Fired from his burger-flipping job, conveniently inheriting cash from his similarly mathematical aunt, Beek will trek cross-country to New York where the “American Tennis Championships” are almost sure to feature his obsession, Lois Kuzenkova, against her nemesis “Lourdes” in the finals. He figures he can get close enough to coach Russian Lois to glory.

Yes, she’s Russian, and even before this year, the only Americans rooting for Russians were flirting with treason. No, the tennis tourney isn’t the U.S. Open because they couldn’t swing the rights to use that, and no, that’s not former champ Tracy Austin in the booth calling the match with some dope forced to tell 124 bad “Irish drunk” jokes. Kate Grimes does look like Tracy Austin, though.

That’s kind of how this born-also-ran of a movie was assembled. Director and co-writer Fred Wolf fills the edges of the story with a steady stream of obnoxious, foul-mouthed and ill-tempered characters for quirky Beek to bounce off of.

Tommy Flanagan plays the Russian’s insulting, threatening Russian dad, and yes, his Russian accent’s worse than yours.

There’s also Beek’s lazy jerk younger brother (Charlie Oh), a random ranter at an interstate rest area (who finishes off Beek’s car), the jerk waitress played by a relative (Daughter?) of the director, an unseen hotel room shouter, profane college professor, and on and on.

This running gag only pays off when Patrick Warburton plays the dentist Beek visits after chipping a tooth in that interstate rest area encounter.

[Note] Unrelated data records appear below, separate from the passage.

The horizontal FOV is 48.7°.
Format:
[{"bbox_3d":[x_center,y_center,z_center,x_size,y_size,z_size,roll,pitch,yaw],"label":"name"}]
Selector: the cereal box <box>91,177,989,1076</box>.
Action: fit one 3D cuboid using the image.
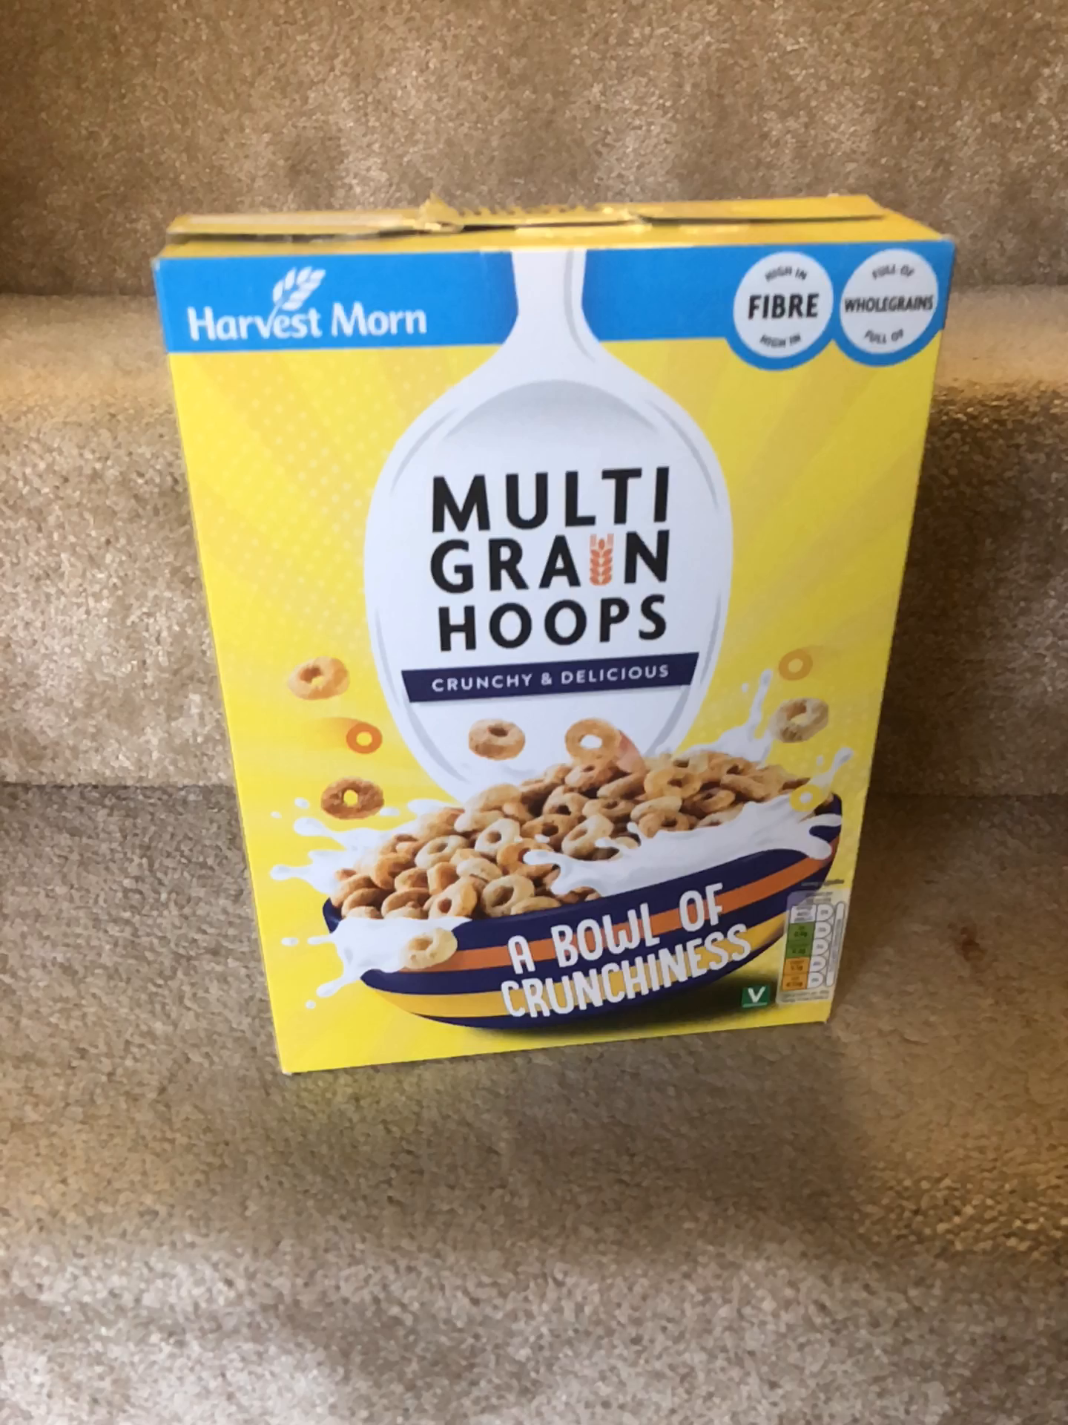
[{"bbox_3d":[0.001,-0.021,0.362,0.200,0.248,0.091,-4,30,-5],"label":"cereal box"}]

“They say dentists have high suicide rates,” the tooth terrorist begins. “I’d have to see data on that.” Warburton’s plummy deadpan makes even creaky lines about pills, carbon monoxide and shotgun as life-ending choices amusing.

There’s also a riff-off delivered by security guards played by Colin Quinn and Steve Schirripa who bust the kid’s balls for driving a tow truck to the tourney, for not knowing anything about tow trucks and for looking like Tom Hanks (“‘Forrest f—-ng Gump’ here,” etc). That sounds improvised and is kind of funny.

But the bulk of the film is a contraption designed to put the obsessed math nerd in that tow truck, on the road, in hotel rooms and in New York with this waitress/aspiring painter (Katerina Tannenbaum) whose father wants to nerd to help him “give her a push” out of the dead-end small town where they live and where Beek breaks down, and into New York and Pace University.

The leads have middling banter — “I look at ‘Starry Night’ and see 2.5 by 3 feet of pure beauty. You look at it and want to rename it 7 square feet of paint!” And there’s little that you could call chemistry, which matters because whatever the math-head’s obsession and however his mission to “save” this Russian tennis automaton turns out, these two traveling companions are fated to be together.

But good luck to them in their future endeavors. And let’s hope this is their last work for Wolf, a former stand-up and “Saturday Night Live” writer who had a hand in “Black Sheep” and assorted Adam Sandler and David Spade comedies, many of them back in the last millennium, some of them hits but all of them awful although not as awful as this.

Rating: TV-MA, profanity aplenty

Cast: Jasjit Williams, Katerina Tannenbaum, Alena Savostikova, Tommy Flanagan, Patrick Warburton, Colin Quinn and Kate Grimes.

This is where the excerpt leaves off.